**** Exercise data
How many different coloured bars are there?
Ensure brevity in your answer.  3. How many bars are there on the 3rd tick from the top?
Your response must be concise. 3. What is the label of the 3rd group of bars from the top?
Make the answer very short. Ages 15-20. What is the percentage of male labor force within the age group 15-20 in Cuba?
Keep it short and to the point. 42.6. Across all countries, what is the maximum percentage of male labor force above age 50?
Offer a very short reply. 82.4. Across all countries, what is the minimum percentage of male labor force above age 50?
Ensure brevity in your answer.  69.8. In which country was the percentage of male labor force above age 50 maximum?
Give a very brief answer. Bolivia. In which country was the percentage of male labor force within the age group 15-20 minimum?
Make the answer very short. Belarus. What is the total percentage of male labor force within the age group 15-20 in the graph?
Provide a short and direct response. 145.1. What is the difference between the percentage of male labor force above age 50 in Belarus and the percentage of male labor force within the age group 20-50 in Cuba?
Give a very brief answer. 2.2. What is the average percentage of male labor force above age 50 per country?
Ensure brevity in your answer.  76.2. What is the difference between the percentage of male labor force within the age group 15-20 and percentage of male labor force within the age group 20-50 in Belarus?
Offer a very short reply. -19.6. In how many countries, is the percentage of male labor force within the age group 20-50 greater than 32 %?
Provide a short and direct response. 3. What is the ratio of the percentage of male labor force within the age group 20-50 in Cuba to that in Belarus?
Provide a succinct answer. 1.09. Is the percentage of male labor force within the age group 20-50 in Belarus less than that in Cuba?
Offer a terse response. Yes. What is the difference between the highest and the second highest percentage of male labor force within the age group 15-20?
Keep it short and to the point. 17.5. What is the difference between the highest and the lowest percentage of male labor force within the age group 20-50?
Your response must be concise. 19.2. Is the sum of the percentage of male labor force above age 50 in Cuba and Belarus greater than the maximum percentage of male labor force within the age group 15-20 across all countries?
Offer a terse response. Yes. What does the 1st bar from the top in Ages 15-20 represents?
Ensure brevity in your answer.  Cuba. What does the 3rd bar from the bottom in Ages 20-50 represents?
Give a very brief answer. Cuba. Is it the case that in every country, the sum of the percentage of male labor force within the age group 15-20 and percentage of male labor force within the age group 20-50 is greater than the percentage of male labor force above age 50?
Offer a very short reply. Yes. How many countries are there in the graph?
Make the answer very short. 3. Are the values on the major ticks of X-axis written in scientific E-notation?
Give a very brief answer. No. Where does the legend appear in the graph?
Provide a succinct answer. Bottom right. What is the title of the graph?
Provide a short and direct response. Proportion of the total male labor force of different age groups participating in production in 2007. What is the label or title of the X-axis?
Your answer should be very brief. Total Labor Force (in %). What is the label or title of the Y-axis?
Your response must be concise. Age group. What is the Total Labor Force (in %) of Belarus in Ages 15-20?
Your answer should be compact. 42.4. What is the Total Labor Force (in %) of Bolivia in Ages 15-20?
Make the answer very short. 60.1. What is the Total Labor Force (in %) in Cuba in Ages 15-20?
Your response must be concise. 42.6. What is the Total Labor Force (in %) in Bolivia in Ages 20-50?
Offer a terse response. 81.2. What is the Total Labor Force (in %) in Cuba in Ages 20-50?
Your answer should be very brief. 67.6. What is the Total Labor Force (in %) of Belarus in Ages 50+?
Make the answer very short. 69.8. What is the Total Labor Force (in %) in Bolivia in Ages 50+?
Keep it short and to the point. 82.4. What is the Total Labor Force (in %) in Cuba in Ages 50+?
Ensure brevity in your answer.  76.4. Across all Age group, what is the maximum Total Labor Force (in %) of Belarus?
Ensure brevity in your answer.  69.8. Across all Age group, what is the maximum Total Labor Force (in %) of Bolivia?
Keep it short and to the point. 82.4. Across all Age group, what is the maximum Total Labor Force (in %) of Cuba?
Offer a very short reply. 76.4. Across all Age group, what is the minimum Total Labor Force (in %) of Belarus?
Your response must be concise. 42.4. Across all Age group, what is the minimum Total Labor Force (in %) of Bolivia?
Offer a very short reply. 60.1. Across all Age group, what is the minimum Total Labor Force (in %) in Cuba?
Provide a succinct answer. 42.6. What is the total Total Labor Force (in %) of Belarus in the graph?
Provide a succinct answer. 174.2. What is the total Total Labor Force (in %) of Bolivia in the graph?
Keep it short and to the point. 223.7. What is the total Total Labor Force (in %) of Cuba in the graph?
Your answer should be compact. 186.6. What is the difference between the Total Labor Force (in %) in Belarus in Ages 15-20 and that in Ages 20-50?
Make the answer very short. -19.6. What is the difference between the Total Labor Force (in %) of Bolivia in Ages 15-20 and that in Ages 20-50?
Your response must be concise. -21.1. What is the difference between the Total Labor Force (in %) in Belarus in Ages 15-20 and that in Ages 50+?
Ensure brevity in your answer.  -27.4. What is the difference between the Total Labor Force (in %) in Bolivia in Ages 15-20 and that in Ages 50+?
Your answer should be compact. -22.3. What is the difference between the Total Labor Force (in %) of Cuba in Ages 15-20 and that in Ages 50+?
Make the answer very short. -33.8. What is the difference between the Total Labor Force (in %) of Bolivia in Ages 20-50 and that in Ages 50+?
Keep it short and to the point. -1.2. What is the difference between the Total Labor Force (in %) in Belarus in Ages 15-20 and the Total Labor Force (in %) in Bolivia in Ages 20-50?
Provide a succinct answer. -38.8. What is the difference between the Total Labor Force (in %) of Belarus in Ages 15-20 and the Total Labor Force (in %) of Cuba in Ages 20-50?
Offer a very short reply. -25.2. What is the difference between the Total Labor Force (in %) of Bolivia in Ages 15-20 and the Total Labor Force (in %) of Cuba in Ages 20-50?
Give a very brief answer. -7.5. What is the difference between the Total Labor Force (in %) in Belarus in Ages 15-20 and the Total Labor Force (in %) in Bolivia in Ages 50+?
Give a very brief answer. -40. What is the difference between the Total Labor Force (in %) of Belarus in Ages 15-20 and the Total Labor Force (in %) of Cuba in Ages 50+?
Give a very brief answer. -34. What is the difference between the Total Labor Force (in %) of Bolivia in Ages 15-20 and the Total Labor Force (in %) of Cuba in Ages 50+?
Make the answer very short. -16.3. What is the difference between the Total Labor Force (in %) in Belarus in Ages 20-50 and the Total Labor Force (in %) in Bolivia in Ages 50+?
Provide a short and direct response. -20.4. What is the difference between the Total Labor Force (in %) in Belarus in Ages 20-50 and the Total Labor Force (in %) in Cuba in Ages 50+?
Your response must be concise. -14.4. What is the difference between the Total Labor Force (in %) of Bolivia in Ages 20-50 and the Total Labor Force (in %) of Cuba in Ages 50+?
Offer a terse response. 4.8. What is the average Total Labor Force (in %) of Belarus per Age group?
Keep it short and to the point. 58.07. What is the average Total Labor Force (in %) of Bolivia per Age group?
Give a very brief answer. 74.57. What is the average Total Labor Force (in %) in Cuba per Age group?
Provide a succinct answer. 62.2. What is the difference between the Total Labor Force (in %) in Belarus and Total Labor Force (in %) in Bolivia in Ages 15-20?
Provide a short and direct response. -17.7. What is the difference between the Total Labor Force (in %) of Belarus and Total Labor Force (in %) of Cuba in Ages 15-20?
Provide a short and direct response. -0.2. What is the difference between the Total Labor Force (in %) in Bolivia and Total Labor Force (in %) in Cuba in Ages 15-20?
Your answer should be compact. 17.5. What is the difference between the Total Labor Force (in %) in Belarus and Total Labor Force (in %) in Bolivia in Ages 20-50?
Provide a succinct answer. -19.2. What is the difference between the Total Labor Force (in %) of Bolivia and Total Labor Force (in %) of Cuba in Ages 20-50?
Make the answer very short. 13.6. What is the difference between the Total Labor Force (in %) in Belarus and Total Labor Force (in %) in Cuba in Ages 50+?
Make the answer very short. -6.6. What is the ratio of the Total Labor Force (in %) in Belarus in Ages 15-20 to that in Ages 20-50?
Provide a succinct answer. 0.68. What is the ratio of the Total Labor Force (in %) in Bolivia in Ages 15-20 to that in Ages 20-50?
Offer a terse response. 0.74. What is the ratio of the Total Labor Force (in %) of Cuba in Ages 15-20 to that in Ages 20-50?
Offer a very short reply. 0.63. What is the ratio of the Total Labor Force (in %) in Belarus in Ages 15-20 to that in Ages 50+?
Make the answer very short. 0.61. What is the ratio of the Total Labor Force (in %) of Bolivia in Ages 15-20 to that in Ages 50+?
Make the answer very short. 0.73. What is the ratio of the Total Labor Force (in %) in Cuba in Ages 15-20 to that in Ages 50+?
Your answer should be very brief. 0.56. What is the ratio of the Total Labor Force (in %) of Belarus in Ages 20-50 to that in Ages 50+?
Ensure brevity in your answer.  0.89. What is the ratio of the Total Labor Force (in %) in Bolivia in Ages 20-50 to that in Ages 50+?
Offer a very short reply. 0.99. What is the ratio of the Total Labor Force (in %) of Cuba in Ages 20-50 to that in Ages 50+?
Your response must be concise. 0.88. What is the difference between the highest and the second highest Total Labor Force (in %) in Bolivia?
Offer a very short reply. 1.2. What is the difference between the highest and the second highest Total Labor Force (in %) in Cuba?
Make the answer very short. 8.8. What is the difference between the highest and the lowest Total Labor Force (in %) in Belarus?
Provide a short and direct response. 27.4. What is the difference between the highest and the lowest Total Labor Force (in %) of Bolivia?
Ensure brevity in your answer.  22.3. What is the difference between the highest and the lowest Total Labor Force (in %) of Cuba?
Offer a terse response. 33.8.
********
To do -> From the listing above, the lines starting with the one that has "Offer a very short reply. -19.6." and running through the one that has "Your response must be concise. Age" should be copied exactly, ends included.

Your response ->
Offer a very short reply. -19.6. In how many countries, is the percentage of male labor force within the age group 20-50 greater than 32 %?
Provide a short and direct response. 3. What is the ratio of the percentage of male labor force within the age group 20-50 in Cuba to that in Belarus?
Provide a succinct answer. 1.09. Is the percentage of male labor force within the age group 20-50 in Belarus less than that in Cuba?
Offer a terse response. Yes. What is the difference between the highest and the second highest percentage of male labor force within the age group 15-20?
Keep it short and to the point. 17.5. What is the difference between the highest and the lowest percentage of male labor force within the age group 20-50?
Your response must be concise. 19.2. Is the sum of the percentage of male labor force above age 50 in Cuba and Belarus greater than the maximum percentage of male labor force within the age group 15-20 across all countries?
Offer a terse response. Yes. What does the 1st bar from the top in Ages 15-20 represents?
Ensure brevity in your answer.  Cuba. What does the 3rd bar from the bottom in Ages 20-50 represents?
Give a very brief answer. Cuba. Is it the case that in every country, the sum of the percentage of male labor force within the age group 15-20 and percentage of male labor force within the age group 20-50 is greater than the percentage of male labor force above age 50?
Offer a very short reply. Yes. How many countries are there in the graph?
Make the answer very short. 3. Are the values on the major ticks of X-axis written in scientific E-notation?
Give a very brief answer. No. Where does the legend appear in the graph?
Provide a succinct answer. Bottom right. What is the title of the graph?
Provide a short and direct response. Proportion of the total male labor force of different age groups participating in production in 2007. What is the label or title of the X-axis?
Your answer should be very brief. Total Labor Force (in %). What is the label or title of the Y-axis?
Your response must be concise. Age group. What is the Total Labor Force (in %) of Belarus in Ages 15-20?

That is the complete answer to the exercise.